Memcached is something that you use when you're sure you need to. You don't worry about it being heavy on memory, because when you evaluate it, you include the cost of the dedicated boxes that you're going to deploy it on.

In most cases putting memcached on a shared machine is a waste of time, as its memory would be better used caching whatever else it does instead.

The benefit of memcached is that you can use it as a shared cache between many machines, which increases the hit rate. Moreover, you can have the cache size and performance higher than a single box can give, as you can (and normally would) deploy several boxes (per geographical location).

Also the way memcached is normally used is dependent on a low latency link from your app servers; so you wouldn't normally use the same memcached cluster in different geographical locations within your infrastructure (each DC would have its own cluster)

The process is:

  1. Identify performance problems
  2. Decide how much performance improvement is enough
  3. Reproduce problems in your test lab, on production-grade hardware with necessary driver machines - this is nontrivial and you may need a lot of dedicated (even specialised) hardware to drive your app hard enough.
  4. Test a proposed solution
  5. If it works, release it to production, if not, try more options and start again.

You should not

  • Cache "everything"
  • Do things without measuring their actual impact.

As your performance test environment will never be perfect, you should have sufficient instrumentation / monitoring that you can measure performance and profile your app IN PRODUCTION.

This also means that every single thing that you cache should have a cache hit/miss counter on it. You can use this to determine when the cache is being wasted. If a cache has a low hit rate (< 90%, say), then it is probably not worthwhile.

It may also be worth having the individual caches switchable in production.

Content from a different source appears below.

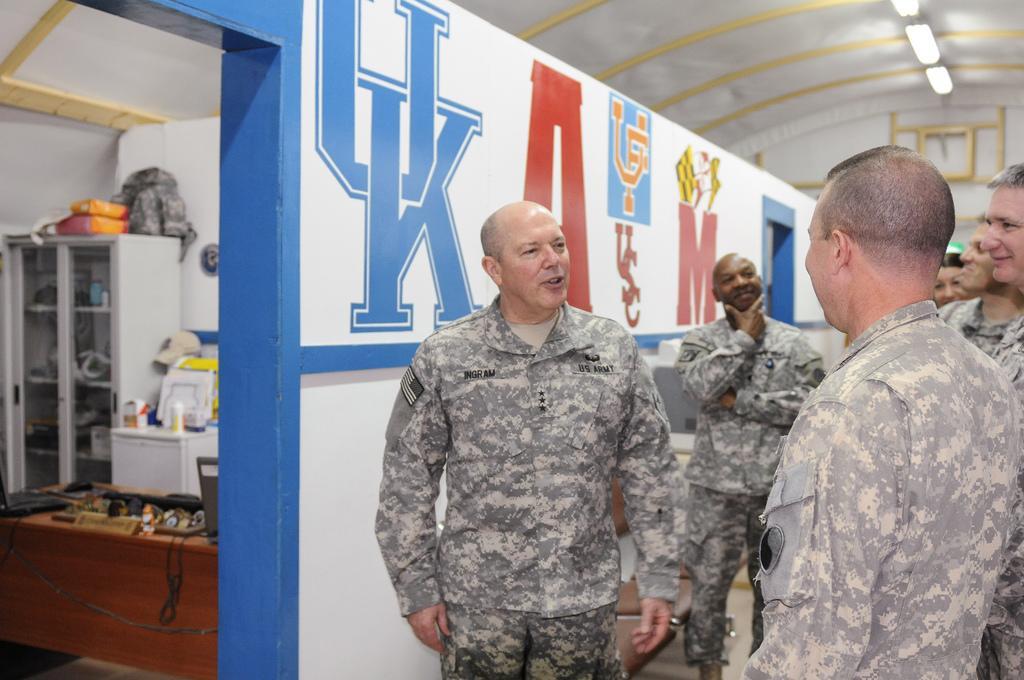How would you summarize this image in a sentence or two? To the right side of the image there are people standing wearing a uniform. To the left side of the image there is a room in which there is a shelf. There are other objects. There is a table. At the top of the image there is a ceiling with lights.

Remember: OPTIMISATIONS INTRODUCE FUNCTIONAL BUGS. Do as few optimisations as possible, and be sure that they are necessary AND effective.

MarkR
Hi. We will use a VPS for the memcache part to put up specific boxes for it. However, you think that it would be wrong to utilize a disc based for the "inpopular" data or leave it all upto memcache?
Industrial
I think that you should use dedicated real tin. If you have performance problems with VMs, the obvious move is to use real tin. Do not waste your dev effort and introduce bugs by adding pointless caching.Caching of data on disc is not normally useful, because if it's on disc somewhere else already, unless the other disc is massively over contended, it will be no more efficient. A disc IO operation takes how long it takes, regardless of whether it reads the data from a cache or its original location.
MarkR